THE DATA: Begin

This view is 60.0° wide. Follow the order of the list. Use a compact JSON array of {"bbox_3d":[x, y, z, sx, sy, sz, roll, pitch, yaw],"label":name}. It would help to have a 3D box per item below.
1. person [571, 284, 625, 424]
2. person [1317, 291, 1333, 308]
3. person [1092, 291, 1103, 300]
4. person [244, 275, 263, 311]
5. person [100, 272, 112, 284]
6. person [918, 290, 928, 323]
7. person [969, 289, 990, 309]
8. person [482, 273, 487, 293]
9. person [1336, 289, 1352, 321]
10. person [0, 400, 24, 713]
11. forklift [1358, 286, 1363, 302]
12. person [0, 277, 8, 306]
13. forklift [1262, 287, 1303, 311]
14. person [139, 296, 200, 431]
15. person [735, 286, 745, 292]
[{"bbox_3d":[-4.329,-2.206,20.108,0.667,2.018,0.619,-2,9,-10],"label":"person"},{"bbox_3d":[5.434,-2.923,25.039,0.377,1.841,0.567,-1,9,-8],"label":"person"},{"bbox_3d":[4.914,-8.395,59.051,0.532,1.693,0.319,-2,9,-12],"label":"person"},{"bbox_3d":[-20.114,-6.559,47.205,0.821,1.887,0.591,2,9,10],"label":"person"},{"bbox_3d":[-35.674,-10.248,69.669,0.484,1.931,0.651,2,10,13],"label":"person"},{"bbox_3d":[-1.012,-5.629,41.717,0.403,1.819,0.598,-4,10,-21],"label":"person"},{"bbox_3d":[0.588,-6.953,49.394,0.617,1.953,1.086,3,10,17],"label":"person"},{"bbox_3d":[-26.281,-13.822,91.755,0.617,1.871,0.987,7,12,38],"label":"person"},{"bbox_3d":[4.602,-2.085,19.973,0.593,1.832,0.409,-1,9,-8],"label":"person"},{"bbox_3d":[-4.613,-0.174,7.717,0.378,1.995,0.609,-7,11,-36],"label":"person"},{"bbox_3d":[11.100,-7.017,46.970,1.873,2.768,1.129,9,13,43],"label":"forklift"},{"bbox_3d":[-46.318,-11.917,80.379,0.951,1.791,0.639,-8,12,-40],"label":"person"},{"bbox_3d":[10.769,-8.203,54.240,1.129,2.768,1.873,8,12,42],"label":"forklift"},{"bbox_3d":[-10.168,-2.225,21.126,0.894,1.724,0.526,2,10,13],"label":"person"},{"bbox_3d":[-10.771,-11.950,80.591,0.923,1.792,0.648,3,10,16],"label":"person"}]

THE DATA: End

YOUR INSTRUCTIONS:
Could you retype exactly the lines above, starting at the line that contains "4. person [244, 275, 263, 311]" and ending at the line that contains "14. person [139, 296, 200, 431]", and nothing more?

ANSWER TO THIS PROBLEM:
4. person [244, 275, 263, 311]
5. person [100, 272, 112, 284]
6. person [918, 290, 928, 323]
7. person [969, 289, 990, 309]
8. person [482, 273, 487, 293]
9. person [1336, 289, 1352, 321]
10. person [0, 400, 24, 713]
11. forklift [1358, 286, 1363, 302]
12. person [0, 277, 8, 306]
13. forklift [1262, 287, 1303, 311]
14. person [139, 296, 200, 431]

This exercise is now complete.